Date: 2008-05-08 04:01 pm (UTC)
From: [identity profile] pecunium.livejournal.com
Photoshop is a pain to learn. LightZone is pretty easy. I don't know about CaptureOne and Lightroom, but I suspect they are more like LightZone.

PS/CS problems relate to it being a platform for graphic arts, so there are a lot of things which are related to creation ab initio. I did have a strange malfunction with the first one, and I agree, the original is better. There's a fad, at present for selective desaturation, so I thought I'd play with it.

That plug-in makes doing that easy, so I'll give it a try when it's going to be a more sublte apllication.

The fix it made of the shot of Pat was great. It's not quite the way it looked (the sky was more overcast, which added to the shade made it original look almost as if I'd used tungten balanced film), but I didn't have to do any real fiddling, once I decided what effect I wanted to use.

Date: 2008-05-08 11:34 pm (UTC)
From: [identity profile] songblaze.livejournal.com
Honestly, I really like the fungus.

In the desaturated one, it is almost impossible to tell that it is not a flower.

May I use that for my background on my computer?

Date: 2008-05-08 11:41 pm (UTC)
From: [identity profile] pecunium.livejournal.com
Sure. It isn't, by the way, a flower, but a fungus of some sort.

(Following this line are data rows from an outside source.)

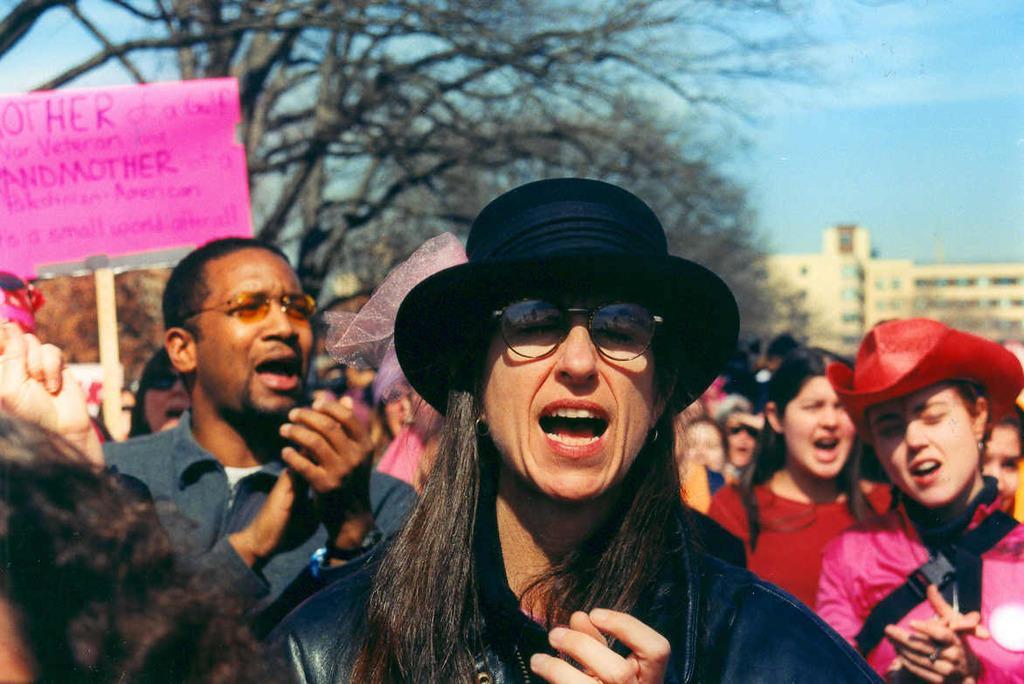Describe this image in one or two sentences. In this image there are few people in which one of them holds a board with some written text, there are trees, a building and the sky. 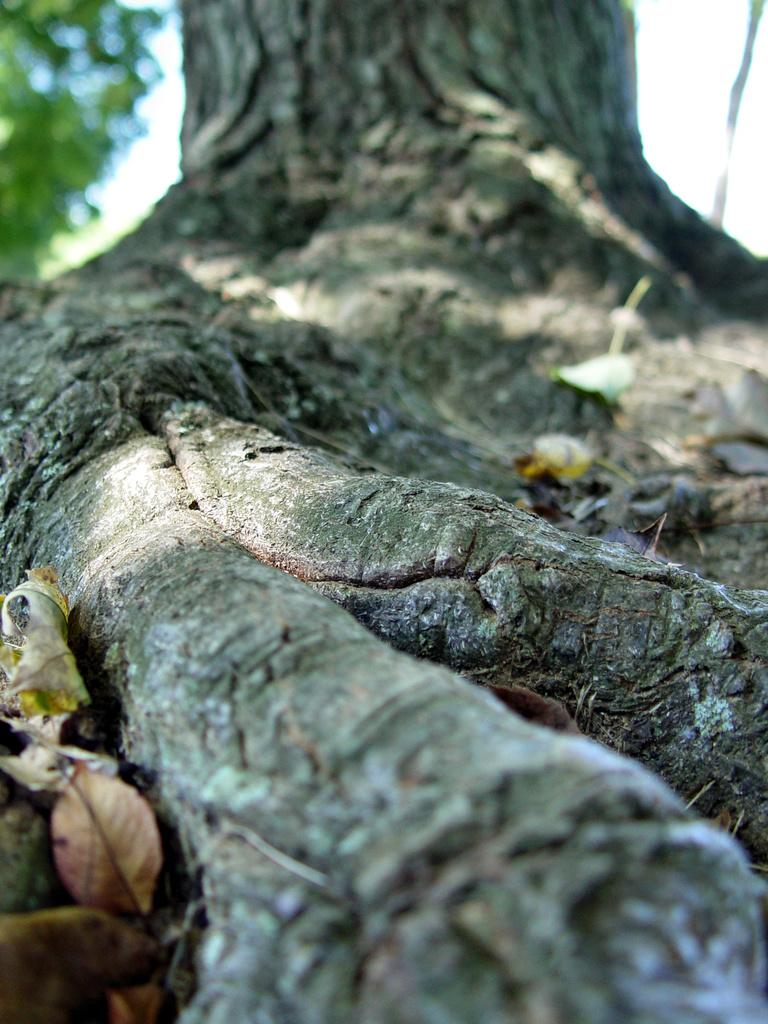What is the main subject of the picture? The main subject of the picture is a tree trunk. What can be seen around the tree trunk? There are dry leaves in the picture. What invention is being demonstrated in the picture? There is no invention being demonstrated in the picture; it features a tree trunk and dry leaves. How does the tree trunk aid in the digestion process of the leaves? The tree trunk does not aid in the digestion process of the leaves; it is a part of the tree that supports and transports nutrients. 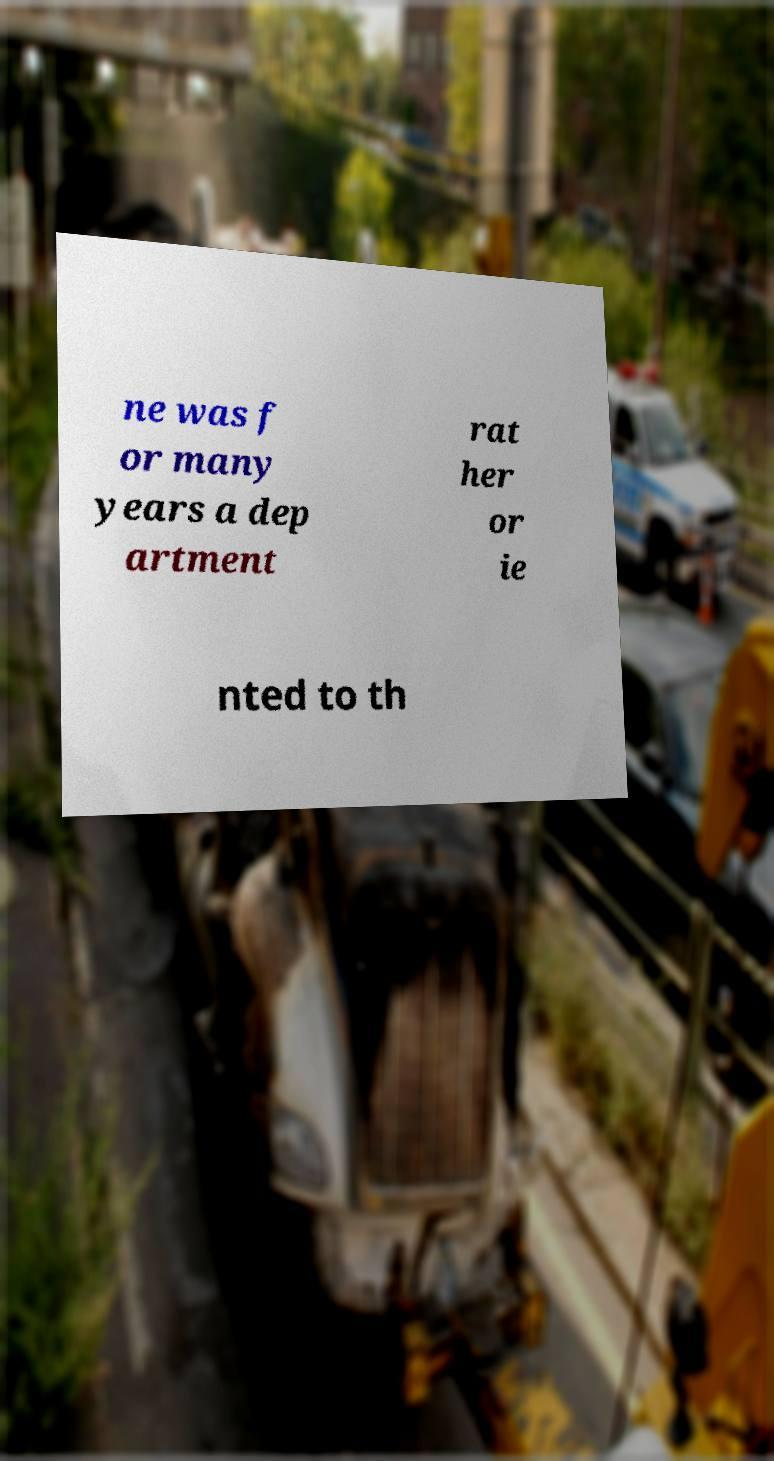Please read and relay the text visible in this image. What does it say? ne was f or many years a dep artment rat her or ie nted to th 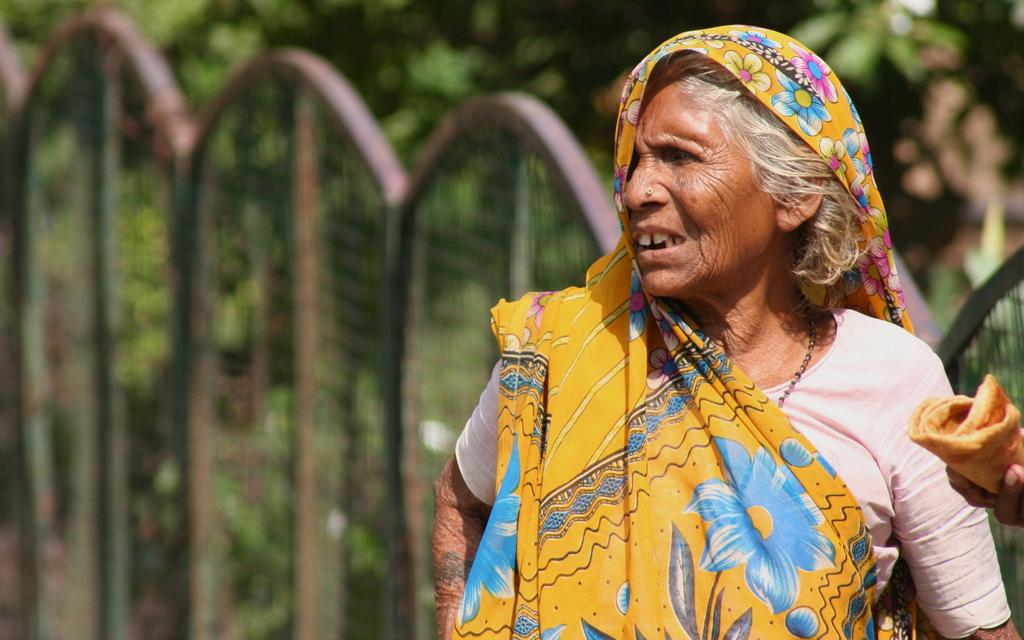Who is present on the right side of the image? There is a woman on the right side of the image. What is the woman holding in her fingers? There is an object in the fingers of a person, but we cannot determine if it is the woman or someone else. What can be seen in the background of the image? There is a fence and trees in the background of the image. What type of noise can be heard coming from the lunch in the image? There is no lunch present in the image, so it's not possible to determine what type of noise might be heard. 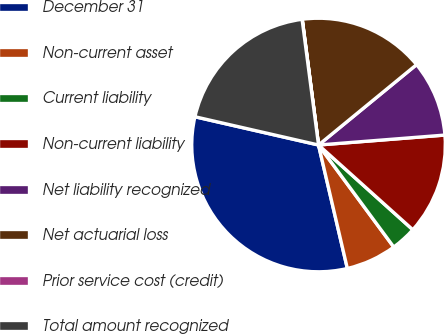<chart> <loc_0><loc_0><loc_500><loc_500><pie_chart><fcel>December 31<fcel>Non-current asset<fcel>Current liability<fcel>Non-current liability<fcel>Net liability recognized<fcel>Net actuarial loss<fcel>Prior service cost (credit)<fcel>Total amount recognized<nl><fcel>32.23%<fcel>6.46%<fcel>3.24%<fcel>12.9%<fcel>9.68%<fcel>16.12%<fcel>0.02%<fcel>19.35%<nl></chart>

Date: 2008-05-08 11:57 pm (UTC)
From: [identity profile] pecunium.livejournal.com
And somehow, in the e-mail message I didn't see that you knew it wasn't a flower.

Sorry.

Date: 2008-05-09 04:10 am (UTC)
From: [identity profile] songblaze.livejournal.com
NP, happens to the best of us.

That's actually why I like it - that in the original it's clear that it's a fungus, but in the desaturated version, it's far more difficult to tell that it isn't a flower.

Things that aren't what they seem appeal to me.